As for the nervous system, Heacock and Agranoff first demonstrated chirality in neurons [86] (Figure 2). They found that explants of goldfish retina extend neurites of optic nerves clockwise (CW), as viewed from above, when they are cultured on glass or plastic surfaces coated with a poly-lysine substrate. The CW neurite growth is a widespread phenomenon observed in various types of neurons or neural tissues in various species, such as the rodent neocortex [88,103], goldfish retinal ganglion cells [104], chick retina, rodent hippocampus [88], and mouse cerebellar granule cells [88]. It is observed on 2D substrates coated with various adhesion molecules, including poly-L (D)-lysine, laminin, N-cadherin, and L1 [88]. The direction of turning is always CW, without exception, although the strength or curvature is dependent on the cell type and the adhesivity to the substrates.
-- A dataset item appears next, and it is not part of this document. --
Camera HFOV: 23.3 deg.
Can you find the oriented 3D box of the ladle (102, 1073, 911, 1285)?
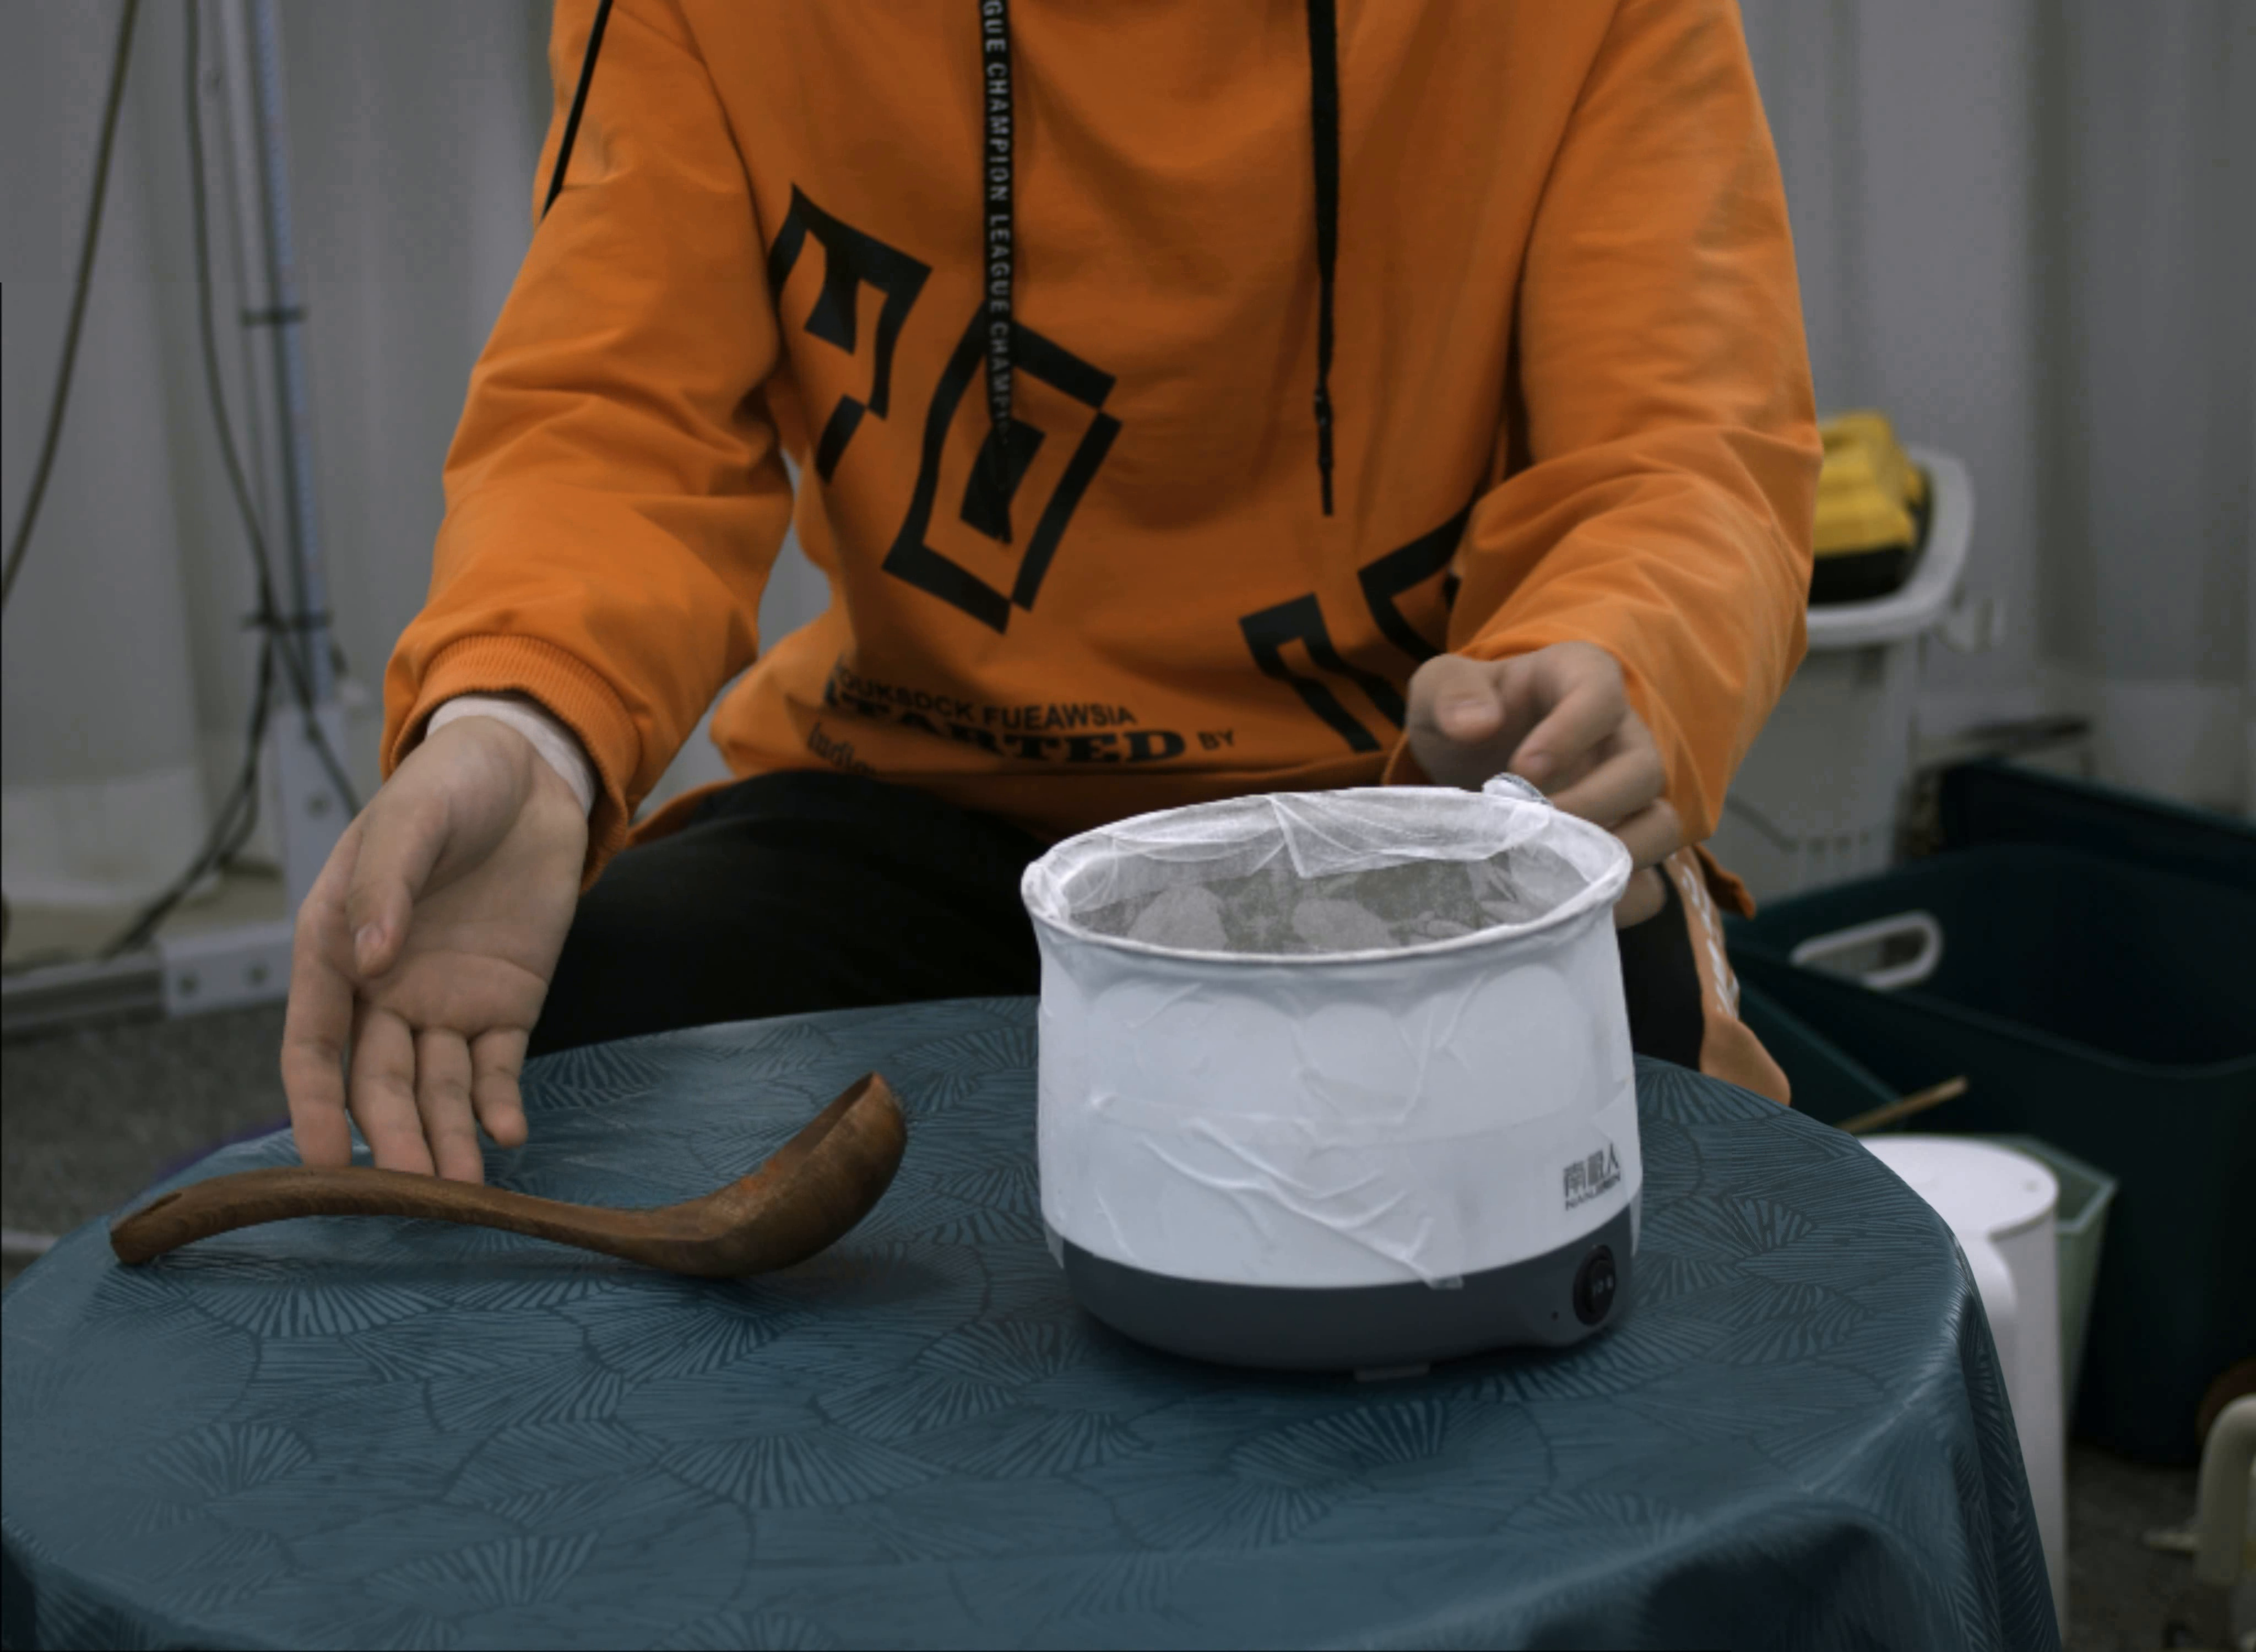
[{"bbox_3d":[-0.192,0.105,1.666,0.260,0.065,0.077,1,12,14],"label":"ladle"}]

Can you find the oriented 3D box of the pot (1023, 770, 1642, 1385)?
[{"bbox_3d":[0.076,0.067,1.615,0.179,0.136,0.234,8,19,34],"label":"pot"}]

The chirality does not depend on gravity or the Coriolis force, which can be easily assessed by the inversion of the culture dish [86]. It is also independent of the magnetic field [86]. The axis of neurite turning can be geometrically defined by the axis of neurite growth and the normal axis of the substrate plane, as the L–R axis is defined by the A–P and D–V axes. In the right-handed system, X-, Y-, and Z-axes point to the direction of neurite growth (distal end), the direction of less adhesivity (or culture medium), and the direction of neurite turning, respectively. The consistent orthogonal relationship between the directions of neurite growth and turning drives the unidirectional circular trajectory of the neurites, and the ratio of their strength determines the curvature and radius of the circle.
CW chiral neurite growth is a robust and universal property that all neurons intrinsically possess, but this phenomenon has long since been neglected by neuroscientists. It may be because such chirality contradicts the general rules for the wiring of neural circuits that are symmetric along the midline [105,106,107], and is therefore treated as a peculiar artifactual phenomenon. This chirality, however, which geometrically violates the bilateral symmetry, could be a potent source of brain asymmetry.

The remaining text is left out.